The number of abstract mathematically plausible values is countable, not uncountable, and the number of practical values under real world tolerances is finite. Real numbers have nothing to do with it, and Egyptian fractions are useful for compressing a large finite set into a small finite basis. They do nothing thay helps compress infinite sets.
For example, you don't have rational numbers, so you are forced to represent everything as awkward sums. Even computing, say, three fifths of a number is a challenge under that system!

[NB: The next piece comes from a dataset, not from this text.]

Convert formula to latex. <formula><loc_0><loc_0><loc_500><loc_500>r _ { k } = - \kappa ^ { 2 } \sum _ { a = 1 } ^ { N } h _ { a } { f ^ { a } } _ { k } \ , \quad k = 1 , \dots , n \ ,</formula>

You don't have \pi to represent "ratio of circumference to diameter", so you have to use ad-hoc approximations.
You don't have notation for polynomials, so even basic equations are ad-hoc problems.
Another example: (almost) the entire work of Diophantus, the man diophantine equations are named after, is basically obsoleted by \frac{-b \pm \sqrt{b^2 - 4ac}}{2a}.
Mind you, it's not that these people were dumb. That they were solving those problems with limited tools is proof enough that they were very smart.
It's like trying to write a program in 80s Basic, at a certain point the incidental complexity is eating you alive.